- _What the task requires_
Print, from the listing below, the lines starting at the line containing "#11 handbag at [463, 318, 502, 352]" and ending at the line containing "#13 handbag at [179, 444, 236, 474]", exactly as they stand, and print nothing else.

Excerpted data: Begin

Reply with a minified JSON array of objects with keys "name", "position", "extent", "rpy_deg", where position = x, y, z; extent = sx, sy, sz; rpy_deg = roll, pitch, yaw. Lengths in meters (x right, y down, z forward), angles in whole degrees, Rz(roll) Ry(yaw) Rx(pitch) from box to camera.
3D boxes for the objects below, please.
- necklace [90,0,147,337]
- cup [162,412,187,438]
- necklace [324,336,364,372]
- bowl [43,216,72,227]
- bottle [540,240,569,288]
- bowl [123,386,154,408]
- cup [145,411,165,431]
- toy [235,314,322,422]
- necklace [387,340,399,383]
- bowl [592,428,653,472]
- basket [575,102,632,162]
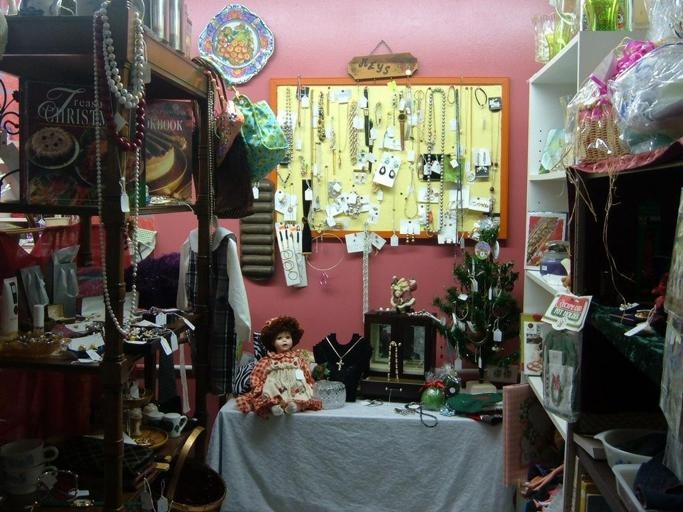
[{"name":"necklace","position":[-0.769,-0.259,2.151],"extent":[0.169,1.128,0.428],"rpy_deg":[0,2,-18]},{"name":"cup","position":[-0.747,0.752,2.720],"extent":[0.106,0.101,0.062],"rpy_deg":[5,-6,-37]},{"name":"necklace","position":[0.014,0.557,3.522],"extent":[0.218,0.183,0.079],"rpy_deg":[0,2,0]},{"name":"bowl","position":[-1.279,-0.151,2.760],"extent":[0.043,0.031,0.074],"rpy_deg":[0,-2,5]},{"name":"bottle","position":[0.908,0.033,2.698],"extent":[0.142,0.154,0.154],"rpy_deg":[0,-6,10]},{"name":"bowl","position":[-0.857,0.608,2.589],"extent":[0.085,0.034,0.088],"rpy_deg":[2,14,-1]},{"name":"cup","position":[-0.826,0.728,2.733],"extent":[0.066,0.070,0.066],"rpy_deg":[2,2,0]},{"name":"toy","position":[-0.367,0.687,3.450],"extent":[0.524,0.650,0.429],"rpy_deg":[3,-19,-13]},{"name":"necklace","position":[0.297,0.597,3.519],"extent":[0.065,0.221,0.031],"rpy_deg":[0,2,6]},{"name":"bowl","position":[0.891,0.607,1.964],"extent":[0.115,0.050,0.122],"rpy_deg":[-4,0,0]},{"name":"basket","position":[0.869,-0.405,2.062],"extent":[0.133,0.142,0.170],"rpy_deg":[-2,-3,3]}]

Excerpted data: End
Excerpted data: Begin

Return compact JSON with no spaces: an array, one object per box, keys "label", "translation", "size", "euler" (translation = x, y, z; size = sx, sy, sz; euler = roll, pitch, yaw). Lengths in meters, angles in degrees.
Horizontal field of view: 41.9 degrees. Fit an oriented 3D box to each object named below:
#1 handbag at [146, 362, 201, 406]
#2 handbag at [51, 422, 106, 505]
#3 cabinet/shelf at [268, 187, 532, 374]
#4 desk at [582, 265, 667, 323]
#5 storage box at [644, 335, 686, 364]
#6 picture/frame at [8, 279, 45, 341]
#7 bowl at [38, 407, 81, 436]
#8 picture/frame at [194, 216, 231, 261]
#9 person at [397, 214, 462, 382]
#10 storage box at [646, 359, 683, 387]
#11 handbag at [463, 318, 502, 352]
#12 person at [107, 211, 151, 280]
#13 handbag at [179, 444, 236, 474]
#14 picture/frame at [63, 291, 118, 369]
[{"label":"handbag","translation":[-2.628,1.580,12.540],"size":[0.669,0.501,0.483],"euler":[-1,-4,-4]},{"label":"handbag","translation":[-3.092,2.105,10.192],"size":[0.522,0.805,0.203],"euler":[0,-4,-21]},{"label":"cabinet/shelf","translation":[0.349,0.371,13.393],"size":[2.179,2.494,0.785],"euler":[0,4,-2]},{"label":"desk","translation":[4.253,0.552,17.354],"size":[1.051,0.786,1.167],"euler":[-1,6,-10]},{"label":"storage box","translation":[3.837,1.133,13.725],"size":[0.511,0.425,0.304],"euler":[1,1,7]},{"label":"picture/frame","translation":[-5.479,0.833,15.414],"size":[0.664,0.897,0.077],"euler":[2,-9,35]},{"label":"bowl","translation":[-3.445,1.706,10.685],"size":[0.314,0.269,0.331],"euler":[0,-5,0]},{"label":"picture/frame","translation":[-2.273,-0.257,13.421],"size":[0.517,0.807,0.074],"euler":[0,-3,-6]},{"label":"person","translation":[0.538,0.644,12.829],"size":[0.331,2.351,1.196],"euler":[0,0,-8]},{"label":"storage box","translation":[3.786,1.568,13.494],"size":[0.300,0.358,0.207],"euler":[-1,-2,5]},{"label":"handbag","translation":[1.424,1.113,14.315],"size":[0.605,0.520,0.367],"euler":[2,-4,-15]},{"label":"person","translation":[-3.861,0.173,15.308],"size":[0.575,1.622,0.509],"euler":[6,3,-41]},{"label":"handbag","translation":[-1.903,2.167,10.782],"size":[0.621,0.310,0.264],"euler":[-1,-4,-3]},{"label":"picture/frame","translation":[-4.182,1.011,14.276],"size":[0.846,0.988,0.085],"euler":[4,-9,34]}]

Excerpted data: End
Excerpted data: Begin

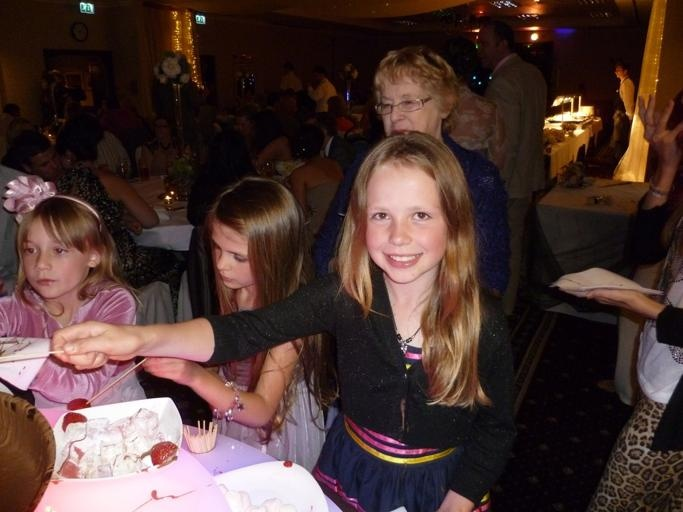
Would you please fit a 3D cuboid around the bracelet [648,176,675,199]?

Excerpted data: End

- _Answer area_
#11 handbag at [463, 318, 502, 352]
#12 person at [107, 211, 151, 280]
#13 handbag at [179, 444, 236, 474]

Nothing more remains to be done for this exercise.